Start of THE INPUT

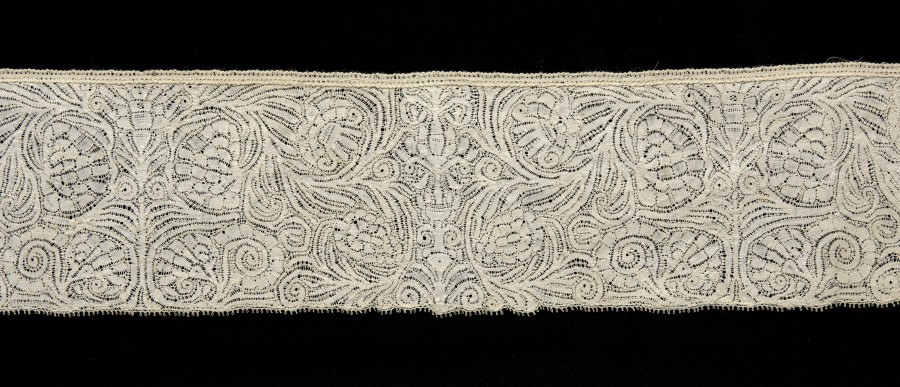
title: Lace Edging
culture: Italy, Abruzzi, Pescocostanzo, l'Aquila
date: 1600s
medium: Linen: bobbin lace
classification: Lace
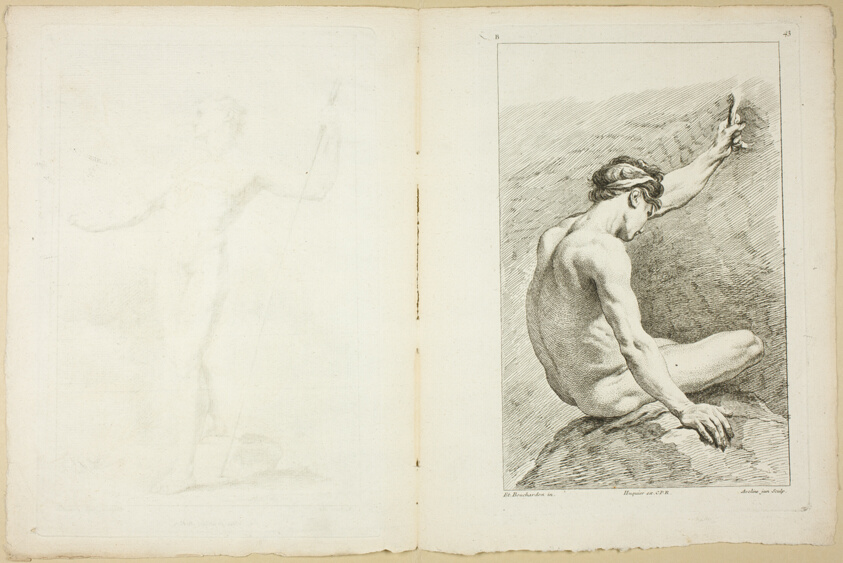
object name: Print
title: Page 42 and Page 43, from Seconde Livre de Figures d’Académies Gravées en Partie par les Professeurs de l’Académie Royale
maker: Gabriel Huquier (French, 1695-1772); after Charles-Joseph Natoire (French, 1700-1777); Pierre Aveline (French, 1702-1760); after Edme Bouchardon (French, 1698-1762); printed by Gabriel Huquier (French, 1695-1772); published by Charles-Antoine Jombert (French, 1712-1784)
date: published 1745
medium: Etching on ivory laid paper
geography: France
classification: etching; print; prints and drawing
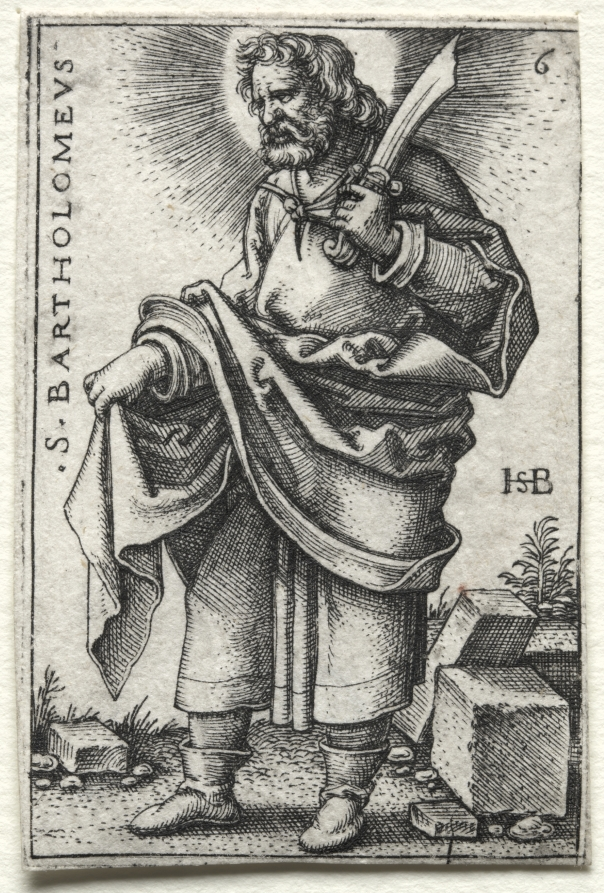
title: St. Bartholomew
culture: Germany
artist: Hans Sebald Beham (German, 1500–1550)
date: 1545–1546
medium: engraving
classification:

End of THE INPUT

**ACTION ITEM**
Only the lines from the line with "geography: France" through the end of the entries above, copied exactly and with both ends included, belong in the response; the pictures do not.

**OUTPUT OF THE TASK**
geography: France
classification: etching; print; prints and drawing
title: St. Bartholomew
culture: Germany
artist: Hans Sebald Beham (German, 1500–1550)
date: 1545–1546
medium: engraving
classification:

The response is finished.